▶ [What you will do] Find each line of the material below in which the word "horizontally" occurs, and return it.

▶ [Data for analysis]

= = = =

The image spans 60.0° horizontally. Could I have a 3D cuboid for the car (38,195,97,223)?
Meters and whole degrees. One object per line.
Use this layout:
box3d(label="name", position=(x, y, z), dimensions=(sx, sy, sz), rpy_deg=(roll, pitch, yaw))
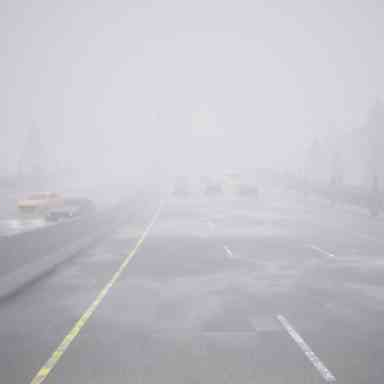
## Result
box3d(label="car", position=(-7.776, 1.060, 21.957), dimensions=(2.033, 1.411, 5.357), rpy_deg=(0, 4, -1))

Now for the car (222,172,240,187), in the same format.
box3d(label="car", position=(5.492, -1.845, 46.456), dimensions=(2.150, 2.045, 5.566), rpy_deg=(0, 7, -2))

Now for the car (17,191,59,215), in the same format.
box3d(label="car", position=(-11.352, 0.751, 25.194), dimensions=(1.882, 1.535, 5.008), rpy_deg=(0, 4, -2))

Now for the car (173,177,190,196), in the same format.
box3d(label="car", position=(-1.199, -0.452, 37.754), dimensions=(2.033, 1.411, 5.357), rpy_deg=(0, 7, -1))

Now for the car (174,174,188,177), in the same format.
box3d(label="car", position=(-1.532, -1.822, 48.101), dimensions=(1.882, 1.535, 5.008), rpy_deg=(0, 7, -1))

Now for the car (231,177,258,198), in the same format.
box3d(label="car", position=(5.899, -0.336, 36.468), dimensions=(1.882, 1.535, 5.008), rpy_deg=(0, 7, -2))

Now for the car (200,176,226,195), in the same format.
box3d(label="car", position=(2.344, -0.570, 38.253), dimensions=(1.882, 1.535, 5.008), rpy_deg=(0, 7, -2))

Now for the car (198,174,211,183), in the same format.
box3d(label="car", position=(2.012, -1.861, 48.529), dimensions=(1.882, 1.535, 5.008), rpy_deg=(0, 7, -2))
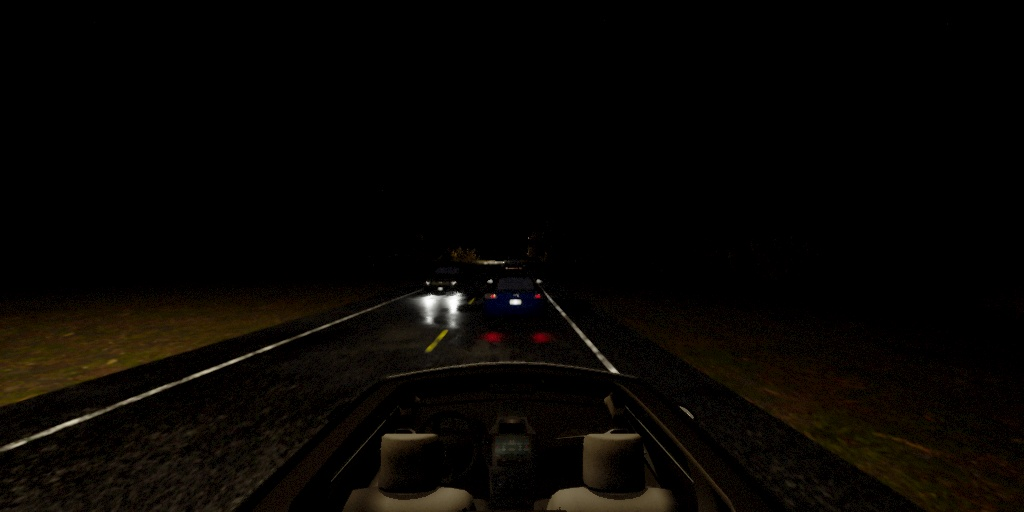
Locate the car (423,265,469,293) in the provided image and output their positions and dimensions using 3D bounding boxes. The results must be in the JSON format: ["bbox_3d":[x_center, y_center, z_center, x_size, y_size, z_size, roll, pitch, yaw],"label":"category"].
[{"bbox_3d":[-3.594,1.251,20.639,2.033,1.411,5.357,0,0,0],"label":"car"}]

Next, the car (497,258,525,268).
[{"bbox_3d":[0.105,1.171,30.076,2.128,1.511,4.902,0,0,0],"label":"car"}]

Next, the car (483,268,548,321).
[{"bbox_3d":[0.102,1.288,12.281,1.994,1.385,4.181,0,0,0],"label":"car"}]
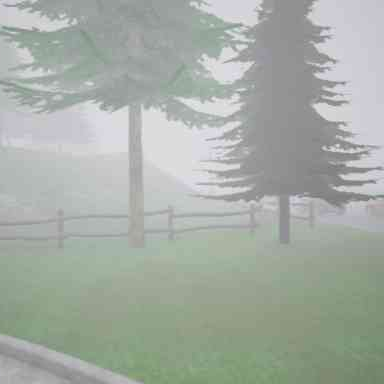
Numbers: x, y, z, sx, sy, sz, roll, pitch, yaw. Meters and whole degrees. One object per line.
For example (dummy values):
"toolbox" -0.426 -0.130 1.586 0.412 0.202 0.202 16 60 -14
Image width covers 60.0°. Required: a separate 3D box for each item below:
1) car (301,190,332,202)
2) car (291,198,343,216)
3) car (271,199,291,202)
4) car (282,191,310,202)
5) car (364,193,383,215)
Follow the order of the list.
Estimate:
"car" 17.409 0.462 46.744 1.882 1.535 5.008 -1 1 -7
"car" 9.635 0.951 25.209 1.837 1.490 4.892 -1 1 -7
"car" 10.778 0.341 43.459 2.150 2.045 5.566 -1 1 -7
"car" 14.078 0.613 45.248 1.994 1.385 4.181 -1 1 -7
"car" 13.600 0.934 21.866 1.882 1.535 5.008 -1 1 -7
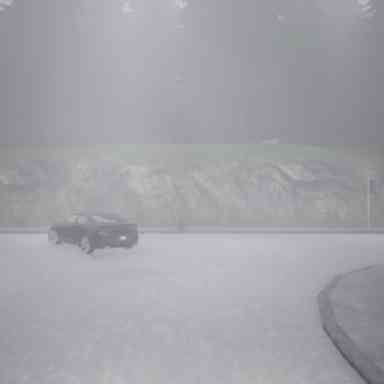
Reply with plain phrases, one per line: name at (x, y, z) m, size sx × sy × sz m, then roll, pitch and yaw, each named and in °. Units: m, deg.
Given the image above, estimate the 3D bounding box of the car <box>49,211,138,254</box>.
car at (-4.237, 1.536, 13.915) m, size 1.882 × 1.535 × 5.008 m, roll 2°, pitch -1°, yaw -44°
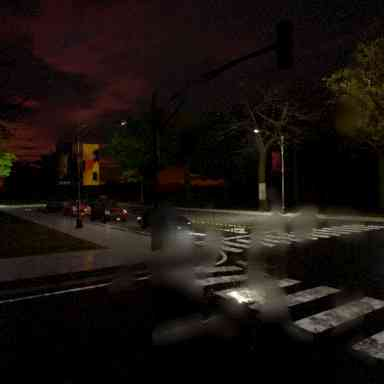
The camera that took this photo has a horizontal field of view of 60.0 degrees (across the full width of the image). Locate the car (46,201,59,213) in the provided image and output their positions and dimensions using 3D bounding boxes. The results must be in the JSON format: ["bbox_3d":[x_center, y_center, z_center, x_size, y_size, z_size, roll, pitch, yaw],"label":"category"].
[{"bbox_3d":[-18.867,2.035,46.121,1.882,1.535,5.008,-1,0,-35],"label":"car"}]

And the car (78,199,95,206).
[{"bbox_3d":[-21.172,2.100,66.661,1.994,1.385,4.181,-1,0,-35],"label":"car"}]

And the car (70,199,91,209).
[{"bbox_3d":[-19.674,2.079,58.683,2.033,1.411,5.357,-1,0,-35],"label":"car"}]

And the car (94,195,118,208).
[{"bbox_3d":[-15.054,1.653,57.916,2.150,2.045,5.566,-1,0,-35],"label":"car"}]

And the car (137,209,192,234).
[{"bbox_3d":[-2.002,1.819,22.046,2.033,1.411,5.357,-1,0,-29],"label":"car"}]

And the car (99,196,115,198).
[{"bbox_3d":[-13.811,1.782,50.373,2.097,1.767,4.553,-1,0,-35],"label":"car"}]

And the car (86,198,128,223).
[{"bbox_3d":[-7.500,1.717,29.798,2.097,1.767,4.553,-1,0,-35],"label":"car"}]

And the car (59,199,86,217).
[{"bbox_3d":[-13.110,1.812,37.817,2.097,1.767,4.553,-1,0,-35],"label":"car"}]
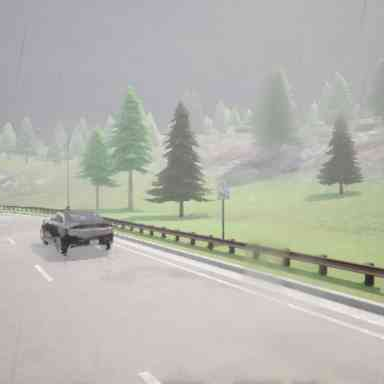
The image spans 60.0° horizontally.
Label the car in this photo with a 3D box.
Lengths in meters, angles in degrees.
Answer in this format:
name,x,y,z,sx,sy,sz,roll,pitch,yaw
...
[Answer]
name,x,y,z,sx,sy,sz,roll,pitch,yaw
car,-4.715,1.490,13.348,2.128,1.511,4.902,0,0,-35
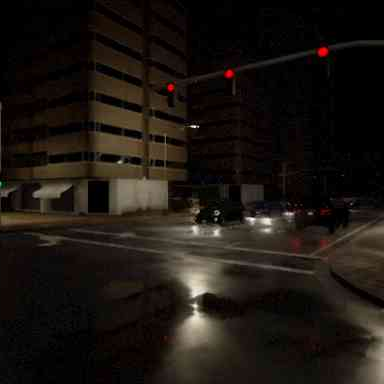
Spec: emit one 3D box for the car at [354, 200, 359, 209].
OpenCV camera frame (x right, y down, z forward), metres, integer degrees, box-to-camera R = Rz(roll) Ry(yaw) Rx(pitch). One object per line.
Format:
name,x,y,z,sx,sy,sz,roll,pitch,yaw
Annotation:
car,21.691,1.654,45.695,1.895,1.301,4.718,0,0,35

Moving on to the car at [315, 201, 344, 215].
car,15.060,1.654,36.285,1.895,1.301,4.718,0,0,35

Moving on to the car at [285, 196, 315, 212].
car,12.995,1.404,39.751,2.097,1.767,4.553,0,0,35

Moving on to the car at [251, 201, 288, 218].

= = = =

▶ [Exercise result]
The image spans 60.0° horizontally. Could I have a 3D cuboid for the car (38,195,97,223)?
The image spans 60.0° horizontally.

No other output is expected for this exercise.